The Co-operation Procedure, introduced in 1987, allows the Parliament two opportunities to scrutinise and possibly amend the Commission’s proposal. At the first stage, the Parliament, ECOSOC and the Committee of the Regions give their opinions in the same way as under the Consultation Procedure. Only the Parliament can propose amendments. The Commission indicates which amendments it accepts before the proposal is forwarded to the Council, which then draws up its 'common position'. Studies have shown that about 40 per cent of the Parliament’s amendments are accepted at this stage. The Council’s common position is sent back to the Parliament which may within three months approve it, reject it, or adopt amendments to it. The Council may then adopt the proposal in question, although it can do so only by unanimous agreement :

i. when it wishes to amend a proposal on its own initiative;

ii. when it decides to take up amendments which have been proposed by the Parliament but rejected by the Commission;

iii. when it decides to adopt a common position which the Parliament has rejected;

iv. when it wishes to override amendments which the Parliament has adopted by an absolute majority (314 votes) at second reading and which are supported by the Commission.
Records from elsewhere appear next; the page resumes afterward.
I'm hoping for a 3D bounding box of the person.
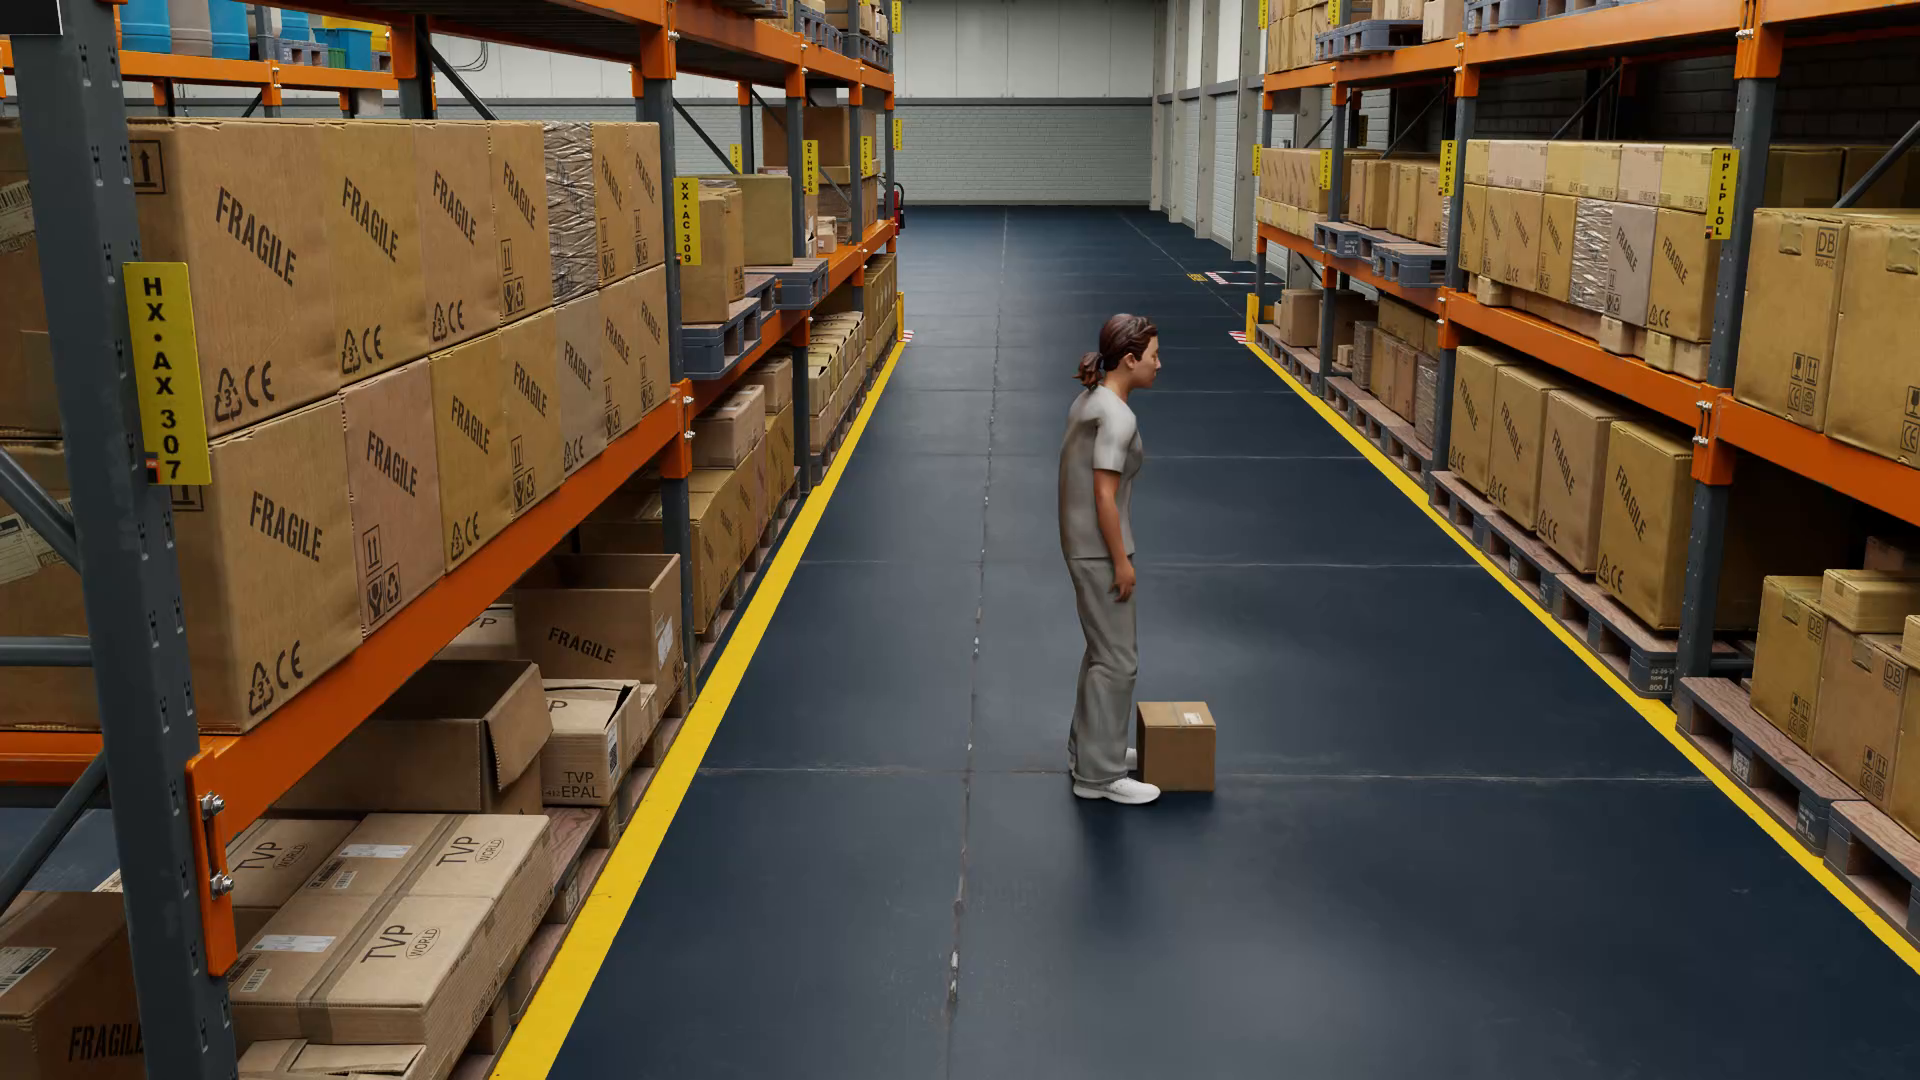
[{"bbox_3d":[0.524,0.052,5.796,0.365,1.671,0.504,0,14,-2],"label":"person"}]
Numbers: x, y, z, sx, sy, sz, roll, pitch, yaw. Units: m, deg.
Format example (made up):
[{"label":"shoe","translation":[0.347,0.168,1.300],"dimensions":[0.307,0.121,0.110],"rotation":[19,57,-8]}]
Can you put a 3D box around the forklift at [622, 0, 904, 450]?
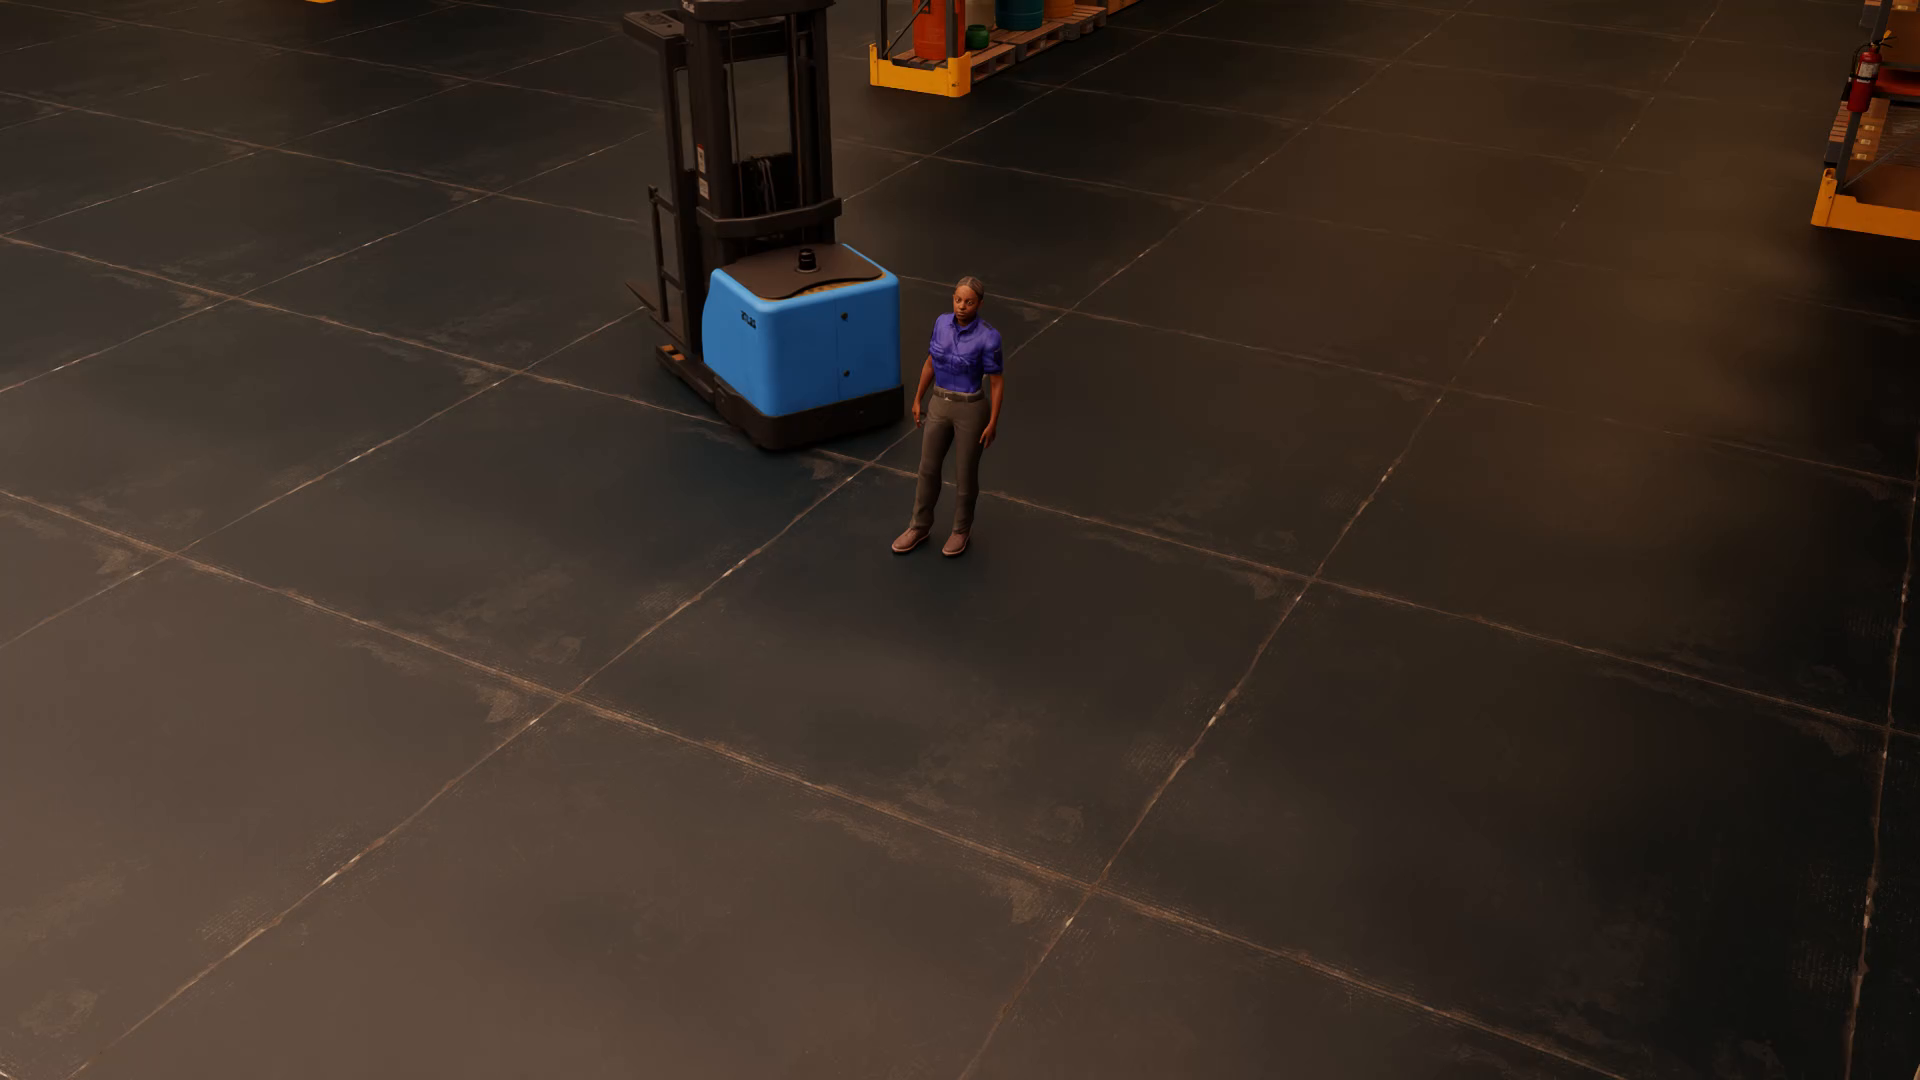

The Maastricht Treaty (effective from November 1993) introduced the Co-Decision Procedure in order to strengthen the Parliament’s influence over legislation. Once the Treaty of Amsterdam comes into effect, the Co-Decision Procedure will replace the Co-operation Procedure in all but a very few areas and become the normal mode of Council-Parliament involvement in legislation. The essential difference between the two procedures is that the Co-Decision Procedure :

allows for the convening of a ‘Conciliation Committee’ in which at the final stage differences between the Council and the Parliament may be resolved;

allows the Parliament, as a last resort, the right to reject the proposal outright by an absolute majority.

Under the Co-Decision Procedure, the Council and the Parliament are jointly responsible for the final adoption of legislation. It has been estimated that some 60 per cent of the Parliament’s amendments are incorporated into the legislation.

5 THE INTER-GOVERNMENTAL PILLARS

The Maastricht Treaty created a European Union which rests upon three 'pillars'. The central pillar is the European Community (EC) itself and the decision-making procedures described here  are those which apply to action within the EC pillar, normally known as the 'first pillar'.

The procedures in the other two pillars (the Common Foreign and Security Policy and Co-operation in the fields of Justice and Home Affairs) are different, for although the Council of Ministers plays much the same role, the legislative instruments are not the same. The Commission is less influential and recourse cannot be had to the Court of Justice. Action in these fields is essentially intergovernmental in character.

Under both pillars, provision exists for the European Parliament to be kept informed and consulted. Members of the European Parliament are also entitled in the normal way to put questions to the Council of Ministers. In so far as action is taken under either heading which involves a charge to the Budget of the Union, the Parliament's powers with respect to the Budget (see above) may be brought into play.